Task objective:
Reproduce exactly the lines that run from the start of the records below to the line with "From 0 ms to 12000", inclusive.

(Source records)
****
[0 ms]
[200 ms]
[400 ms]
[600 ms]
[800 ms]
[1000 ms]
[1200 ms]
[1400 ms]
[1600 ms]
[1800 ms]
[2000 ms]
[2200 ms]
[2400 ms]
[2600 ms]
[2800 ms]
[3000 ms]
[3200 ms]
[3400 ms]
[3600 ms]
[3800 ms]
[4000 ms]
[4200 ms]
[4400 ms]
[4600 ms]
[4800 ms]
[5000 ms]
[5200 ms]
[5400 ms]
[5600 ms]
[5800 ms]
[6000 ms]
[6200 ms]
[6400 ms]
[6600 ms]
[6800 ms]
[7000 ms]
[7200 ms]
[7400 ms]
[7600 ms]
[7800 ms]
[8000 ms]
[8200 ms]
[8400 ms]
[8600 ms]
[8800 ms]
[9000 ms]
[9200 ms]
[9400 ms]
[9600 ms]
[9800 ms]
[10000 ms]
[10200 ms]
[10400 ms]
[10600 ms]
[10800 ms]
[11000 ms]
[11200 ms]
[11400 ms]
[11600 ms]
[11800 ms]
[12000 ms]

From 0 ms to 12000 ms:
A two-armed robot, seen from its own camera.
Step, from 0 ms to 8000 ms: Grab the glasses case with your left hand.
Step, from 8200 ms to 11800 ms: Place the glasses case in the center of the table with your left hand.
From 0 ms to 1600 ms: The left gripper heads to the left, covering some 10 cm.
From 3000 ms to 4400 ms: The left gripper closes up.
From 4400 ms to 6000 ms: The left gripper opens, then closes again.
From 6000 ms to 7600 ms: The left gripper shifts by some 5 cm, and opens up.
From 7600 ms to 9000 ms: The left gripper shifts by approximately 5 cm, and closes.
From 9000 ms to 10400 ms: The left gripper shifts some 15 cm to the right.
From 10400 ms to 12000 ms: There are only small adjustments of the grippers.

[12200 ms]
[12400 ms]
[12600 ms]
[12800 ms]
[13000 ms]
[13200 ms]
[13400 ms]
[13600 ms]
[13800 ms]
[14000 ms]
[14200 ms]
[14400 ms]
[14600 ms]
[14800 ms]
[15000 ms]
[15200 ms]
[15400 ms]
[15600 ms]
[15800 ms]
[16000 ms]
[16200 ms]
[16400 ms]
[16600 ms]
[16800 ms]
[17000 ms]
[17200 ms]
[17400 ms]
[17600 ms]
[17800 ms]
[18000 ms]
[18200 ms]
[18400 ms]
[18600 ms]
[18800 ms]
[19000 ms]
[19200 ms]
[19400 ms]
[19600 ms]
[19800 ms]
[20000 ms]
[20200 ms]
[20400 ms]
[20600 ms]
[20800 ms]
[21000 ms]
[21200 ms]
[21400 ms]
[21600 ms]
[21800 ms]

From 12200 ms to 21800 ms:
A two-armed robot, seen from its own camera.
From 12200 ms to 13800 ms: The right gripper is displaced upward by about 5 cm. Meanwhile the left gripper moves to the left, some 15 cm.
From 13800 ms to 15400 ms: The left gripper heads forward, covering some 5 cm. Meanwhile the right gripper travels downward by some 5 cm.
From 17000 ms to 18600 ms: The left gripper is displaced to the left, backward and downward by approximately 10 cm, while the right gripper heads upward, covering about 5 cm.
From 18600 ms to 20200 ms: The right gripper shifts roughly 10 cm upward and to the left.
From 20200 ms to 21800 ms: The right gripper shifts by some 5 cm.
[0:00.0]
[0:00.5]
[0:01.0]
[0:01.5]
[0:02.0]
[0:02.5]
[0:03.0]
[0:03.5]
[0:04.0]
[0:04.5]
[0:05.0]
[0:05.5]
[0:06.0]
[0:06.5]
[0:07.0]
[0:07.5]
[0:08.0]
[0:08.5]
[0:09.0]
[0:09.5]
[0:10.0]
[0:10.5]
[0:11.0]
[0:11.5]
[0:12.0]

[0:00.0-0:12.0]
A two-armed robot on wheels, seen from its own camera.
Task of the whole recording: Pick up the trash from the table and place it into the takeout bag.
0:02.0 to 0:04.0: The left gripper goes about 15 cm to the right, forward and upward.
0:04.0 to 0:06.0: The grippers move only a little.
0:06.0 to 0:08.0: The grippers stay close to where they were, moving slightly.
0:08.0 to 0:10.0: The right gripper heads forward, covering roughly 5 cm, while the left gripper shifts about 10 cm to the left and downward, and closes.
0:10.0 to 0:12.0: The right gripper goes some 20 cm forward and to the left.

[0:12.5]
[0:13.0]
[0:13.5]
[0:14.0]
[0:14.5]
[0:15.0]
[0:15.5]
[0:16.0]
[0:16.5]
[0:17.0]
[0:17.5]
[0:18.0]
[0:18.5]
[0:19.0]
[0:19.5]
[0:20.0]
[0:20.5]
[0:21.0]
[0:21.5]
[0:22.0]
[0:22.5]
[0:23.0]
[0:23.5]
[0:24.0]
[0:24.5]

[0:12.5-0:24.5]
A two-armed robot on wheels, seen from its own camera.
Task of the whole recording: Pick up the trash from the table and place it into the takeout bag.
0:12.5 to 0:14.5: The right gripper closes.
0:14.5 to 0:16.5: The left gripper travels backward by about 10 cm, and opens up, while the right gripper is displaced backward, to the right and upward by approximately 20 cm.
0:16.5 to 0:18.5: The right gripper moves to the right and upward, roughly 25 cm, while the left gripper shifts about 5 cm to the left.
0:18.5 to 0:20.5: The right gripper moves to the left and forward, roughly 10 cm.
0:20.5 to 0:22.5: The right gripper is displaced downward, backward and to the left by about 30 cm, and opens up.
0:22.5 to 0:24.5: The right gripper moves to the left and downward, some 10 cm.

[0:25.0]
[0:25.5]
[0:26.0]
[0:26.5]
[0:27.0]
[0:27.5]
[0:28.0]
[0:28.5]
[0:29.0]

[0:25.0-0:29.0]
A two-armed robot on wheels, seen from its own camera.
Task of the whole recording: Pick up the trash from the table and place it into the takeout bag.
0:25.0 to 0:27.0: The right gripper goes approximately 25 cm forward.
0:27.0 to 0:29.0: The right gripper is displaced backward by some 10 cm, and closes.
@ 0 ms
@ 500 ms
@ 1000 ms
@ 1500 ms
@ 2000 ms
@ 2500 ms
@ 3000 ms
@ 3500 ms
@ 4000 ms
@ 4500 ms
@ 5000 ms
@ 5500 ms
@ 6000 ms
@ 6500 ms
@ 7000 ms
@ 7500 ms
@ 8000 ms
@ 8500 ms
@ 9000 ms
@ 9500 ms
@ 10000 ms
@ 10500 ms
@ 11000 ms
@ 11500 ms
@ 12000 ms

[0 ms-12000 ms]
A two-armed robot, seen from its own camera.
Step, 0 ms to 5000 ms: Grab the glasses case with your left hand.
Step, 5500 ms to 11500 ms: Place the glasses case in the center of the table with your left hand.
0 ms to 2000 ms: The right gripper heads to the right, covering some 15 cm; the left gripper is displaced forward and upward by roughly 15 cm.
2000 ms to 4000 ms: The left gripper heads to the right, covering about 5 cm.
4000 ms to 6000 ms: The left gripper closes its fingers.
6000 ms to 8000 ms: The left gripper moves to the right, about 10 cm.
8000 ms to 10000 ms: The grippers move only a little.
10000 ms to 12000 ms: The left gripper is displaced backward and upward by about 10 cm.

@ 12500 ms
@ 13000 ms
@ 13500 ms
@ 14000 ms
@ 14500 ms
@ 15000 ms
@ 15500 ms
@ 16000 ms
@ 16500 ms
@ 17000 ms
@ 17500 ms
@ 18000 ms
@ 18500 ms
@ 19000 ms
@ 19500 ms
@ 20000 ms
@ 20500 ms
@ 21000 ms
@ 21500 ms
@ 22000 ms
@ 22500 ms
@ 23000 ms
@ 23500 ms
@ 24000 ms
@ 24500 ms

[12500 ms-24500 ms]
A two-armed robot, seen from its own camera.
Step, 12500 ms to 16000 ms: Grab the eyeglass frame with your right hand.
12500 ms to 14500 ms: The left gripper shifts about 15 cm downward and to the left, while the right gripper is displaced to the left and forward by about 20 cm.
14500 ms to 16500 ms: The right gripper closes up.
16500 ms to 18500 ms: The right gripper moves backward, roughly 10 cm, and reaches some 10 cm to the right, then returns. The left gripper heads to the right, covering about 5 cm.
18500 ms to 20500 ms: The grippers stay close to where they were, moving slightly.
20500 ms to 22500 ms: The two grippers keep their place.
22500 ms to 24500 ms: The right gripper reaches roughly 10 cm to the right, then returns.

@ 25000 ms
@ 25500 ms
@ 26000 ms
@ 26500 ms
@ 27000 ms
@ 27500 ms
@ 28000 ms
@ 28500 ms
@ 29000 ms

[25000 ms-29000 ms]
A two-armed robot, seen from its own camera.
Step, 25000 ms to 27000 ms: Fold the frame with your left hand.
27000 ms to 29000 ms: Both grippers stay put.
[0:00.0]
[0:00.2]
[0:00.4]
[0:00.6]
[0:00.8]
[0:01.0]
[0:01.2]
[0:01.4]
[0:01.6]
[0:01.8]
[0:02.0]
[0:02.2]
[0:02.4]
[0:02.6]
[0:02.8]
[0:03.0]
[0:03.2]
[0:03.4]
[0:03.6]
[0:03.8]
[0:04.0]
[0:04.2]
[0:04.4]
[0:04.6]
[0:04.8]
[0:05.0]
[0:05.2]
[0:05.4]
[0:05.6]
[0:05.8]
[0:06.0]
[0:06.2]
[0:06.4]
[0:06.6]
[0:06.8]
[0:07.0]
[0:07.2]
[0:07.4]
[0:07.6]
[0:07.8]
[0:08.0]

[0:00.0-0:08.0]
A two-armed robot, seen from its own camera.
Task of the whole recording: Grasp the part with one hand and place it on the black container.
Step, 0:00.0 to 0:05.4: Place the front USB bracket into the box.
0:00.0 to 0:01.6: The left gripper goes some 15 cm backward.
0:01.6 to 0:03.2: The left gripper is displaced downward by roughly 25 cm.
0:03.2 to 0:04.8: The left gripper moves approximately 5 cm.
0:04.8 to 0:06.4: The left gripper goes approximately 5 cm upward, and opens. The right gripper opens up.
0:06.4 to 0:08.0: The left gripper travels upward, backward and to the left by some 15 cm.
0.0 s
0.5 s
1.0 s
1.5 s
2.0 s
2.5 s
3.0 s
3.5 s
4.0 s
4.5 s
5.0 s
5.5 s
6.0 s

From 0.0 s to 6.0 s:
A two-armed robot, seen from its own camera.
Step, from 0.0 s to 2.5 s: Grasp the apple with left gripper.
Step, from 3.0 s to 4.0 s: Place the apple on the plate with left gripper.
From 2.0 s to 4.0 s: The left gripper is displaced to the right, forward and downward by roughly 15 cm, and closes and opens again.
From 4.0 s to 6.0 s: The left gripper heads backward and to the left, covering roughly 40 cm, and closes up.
****
Finished task:
[0 ms]
[200 ms]
[400 ms]
[600 ms]
[800 ms]
[1000 ms]
[1200 ms]
[1400 ms]
[1600 ms]
[1800 ms]
[2000 ms]
[2200 ms]
[2400 ms]
[2600 ms]
[2800 ms]
[3000 ms]
[3200 ms]
[3400 ms]
[3600 ms]
[3800 ms]
[4000 ms]
[4200 ms]
[4400 ms]
[4600 ms]
[4800 ms]
[5000 ms]
[5200 ms]
[5400 ms]
[5600 ms]
[5800 ms]
[6000 ms]
[6200 ms]
[6400 ms]
[6600 ms]
[6800 ms]
[7000 ms]
[7200 ms]
[7400 ms]
[7600 ms]
[7800 ms]
[8000 ms]
[8200 ms]
[8400 ms]
[8600 ms]
[8800 ms]
[9000 ms]
[9200 ms]
[9400 ms]
[9600 ms]
[9800 ms]
[10000 ms]
[10200 ms]
[10400 ms]
[10600 ms]
[10800 ms]
[11000 ms]
[11200 ms]
[11400 ms]
[11600 ms]
[11800 ms]
[12000 ms]

From 0 ms to 12000 ms:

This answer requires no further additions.